Collection entries:
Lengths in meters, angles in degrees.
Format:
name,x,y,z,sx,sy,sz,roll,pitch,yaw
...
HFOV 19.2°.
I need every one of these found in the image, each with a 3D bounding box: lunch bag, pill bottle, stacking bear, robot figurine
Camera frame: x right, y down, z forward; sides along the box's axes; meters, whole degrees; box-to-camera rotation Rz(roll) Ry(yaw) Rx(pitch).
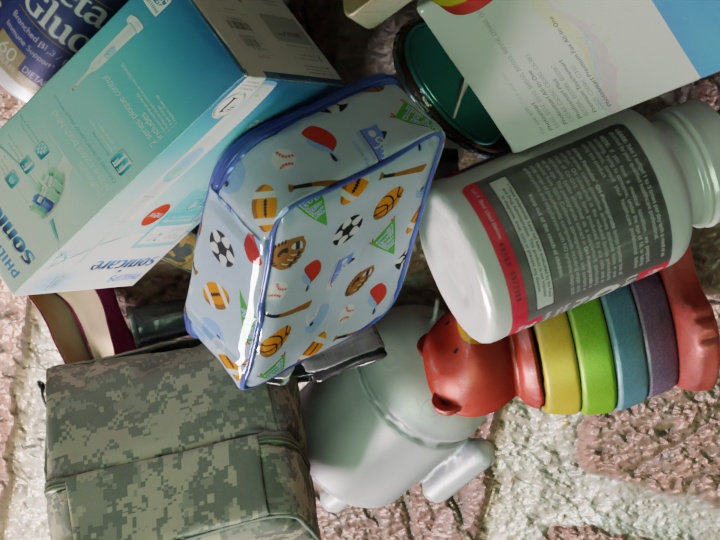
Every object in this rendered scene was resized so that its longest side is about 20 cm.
name,x,y,z,sx,sy,sz,roll,pitch,yaw
lunch bag,-0.131,0.130,1.548,0.198,0.169,0.139,-13,164,7
pill bottle,0.145,-0.039,1.376,0.199,0.111,0.111,-23,131,-13
lunch bag,-0.027,-0.022,1.317,0.076,0.160,0.201,45,145,22
pill bottle,-0.143,-0.191,1.275,0.111,0.112,0.200,32,128,-16
stacking bear,0.141,0.051,1.498,0.198,0.122,0.114,-11,144,-2
robot figurine,0.023,0.102,1.604,0.169,0.113,0.200,41,128,-7

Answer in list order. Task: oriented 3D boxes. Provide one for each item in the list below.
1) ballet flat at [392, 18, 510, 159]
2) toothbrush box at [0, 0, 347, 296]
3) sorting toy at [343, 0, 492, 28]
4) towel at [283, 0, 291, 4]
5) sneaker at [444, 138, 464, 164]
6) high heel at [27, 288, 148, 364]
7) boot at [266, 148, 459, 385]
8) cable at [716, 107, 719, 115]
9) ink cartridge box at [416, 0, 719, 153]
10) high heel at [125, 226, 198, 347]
name,x,y,z,sx,sy,sz,roll,pitch,yaw
ballet flat,0.094,-0.100,1.449,0.199,0.075,0.074,35,129,-16
toothbrush box,-0.128,-0.080,1.265,0.200,0.146,0.086,-40,77,18
sorting toy,0.079,-0.254,1.236,0.198,0.201,0.069,-32,135,33
towel,-0.103,-0.235,1.361,0.165,0.086,0.200,32,128,-18
sneaker,0.003,-0.040,1.528,0.200,0.077,0.082,-40,158,21
high heel,-0.219,0.040,1.614,0.067,0.097,0.200,-28,120,31
boot,0.000,0.000,1.448,0.199,0.133,0.070,-22,167,37
cable,0.321,-0.100,1.403,0.199,0.050,0.097,-25,115,31
ink cartridge box,0.134,-0.179,1.325,0.199,0.129,0.126,-21,123,28
high heel,-0.115,-0.047,1.558,0.141,0.072,0.202,-13,116,-8

> ACTIVITY:
Go through the records and gather the lines that hold "each".

> ANSWER:
I need every one of these found in the image, each with a 3D bounding box: lunch bag, pill bottle, stacking bear, robot figurine
Answer in list order. Task: oriented 3D boxes. Provide one for each item in the list below.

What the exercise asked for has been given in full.